You say that we should aim higher than our current massive endeavors (eliminating diseases, expanding clean energy, protecting animal rights and natural habitats). But decades of work has proven that these endeavors are extremely difficult. Every marginal dollar and hour spent on these projects counts. And space exploration distracts from urgent need for innovation in these areas.
Thanks for the detailed reply to the trauma case. Your delineation between various definitions of personhood are helpful for interrogating my other questions as well.
If it is the case that a "new" welfare subject can be "created" by a traumatic brain injury, then it might well be the case that new welfare subjects are created as one's life progresses. This implies that, as we age, welfare subjects effectively die and new ones are reborn. However, we don't worry about this because 1. we can't prevent it and 2. it's not clear when this happens / if it ever happens fully (perhaps there is always a hint of one's old self in one's new self, so a "new" welfare subject is never truly created).
Given the same argument applies to non-human animals, we could reasonably assume that we can't prevent this loss and recreation of welfare subjects. Moreover, we would probably come to the same conclusions about the badness of the death of the animals, even if throughout their lives they exist as multiple welfare subjects that we should care about. Where it becomes morally questionable is in considering non-human animals whose lives are worse than not worth living. Then, there should be increased moral concern for factory farmed animals given we accept that: 1. their lives are worse than not worth living; 2. they instantiate different welfare subjects throughout there life and 3. there is something worse about 2 different subjects each suffering for 1 year than 1 subject suffering for 2 years. (Again I don't think I accept premise 2 or 3 of this conclusion, I just wanted to take the hypothetical to its fullest conclusion.)

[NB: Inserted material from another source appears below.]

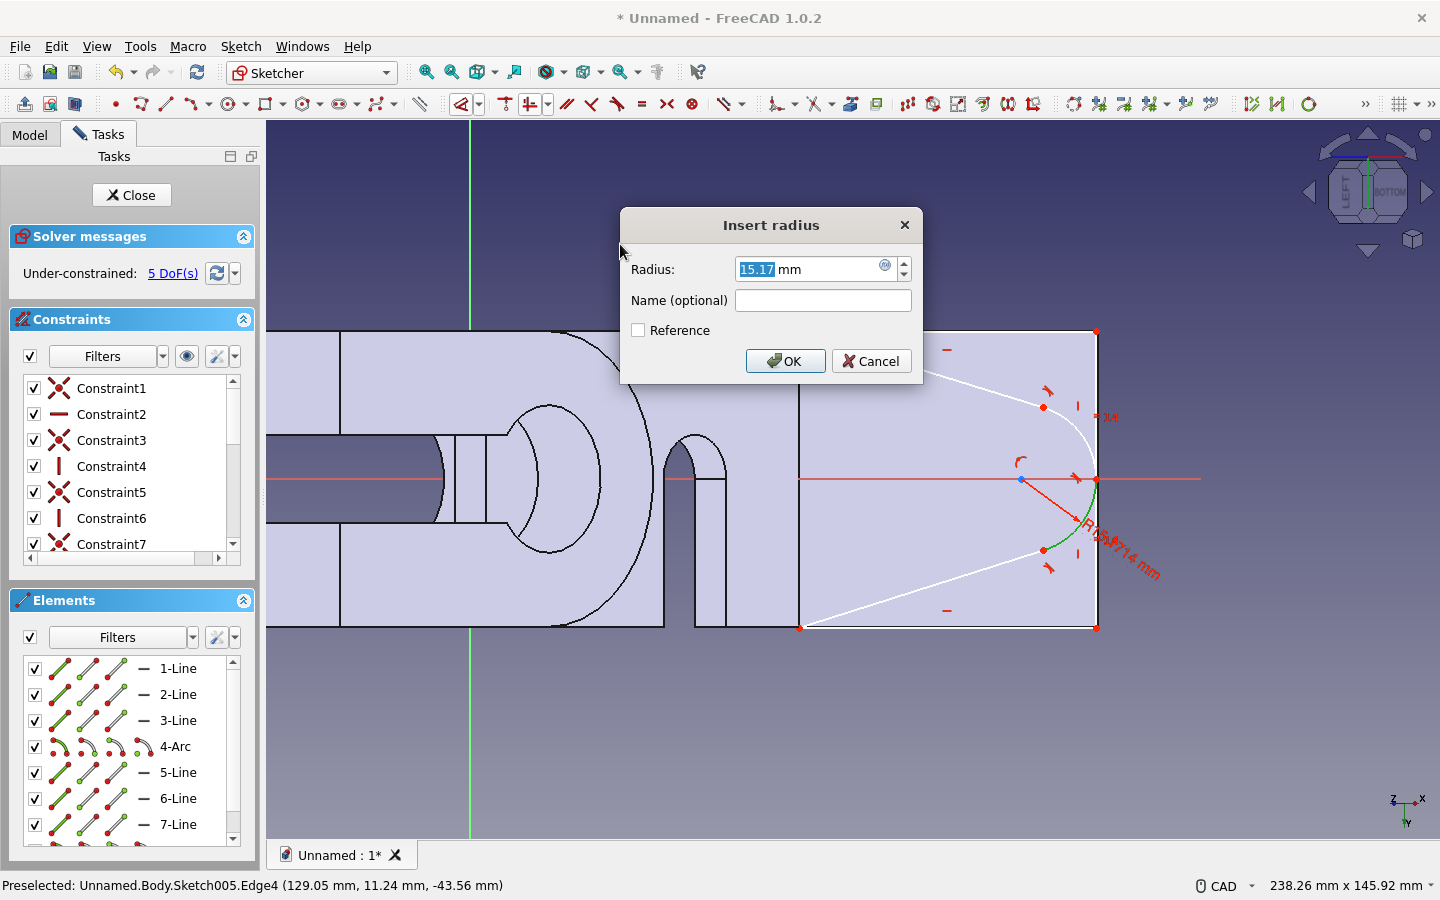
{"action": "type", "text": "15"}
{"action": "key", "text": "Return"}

Interesting article - thanks for sharing. My main problem with it has to do with the moral psychology piece. You write that:
It's "disgusting and counterintuitive" for most people to imagine offsetting murder.
and
"Most of us still live in extremely carnist cultures and are bombarded with burger ads and sights of people enjoying meat next to us all the time like it is perfectly harmless."
In my opinion, these two arguments together make meat offsets a bad idea. People are opposed to murder offsets (no matter how theoretically effectively they may be) because murder feels like a deeply immoral thing to do. However, most people feel that eating meat is not deeply immoral - most people do it every day. I'd imagine folks react the same way to meat offsets as they do to carbon offsets. They think, "well I know I probably shouldn't eat so much meat / consume so much carbon, but I'm not gonna stop, so this offset makes some sense". But this is the wrong way to think about eating meat (and perhaps consuming carbon, too, but that's beside the point). We want people to feel that eating meat is immoral; we want them to feel that it's a form of killing a sentient being. And the availability of an offset trivializes the consumption.
I'm on board with your consequentialist reasoning here, but I'm worried the availability meat offsets may cause people's moral opinion on animal ethics to regress.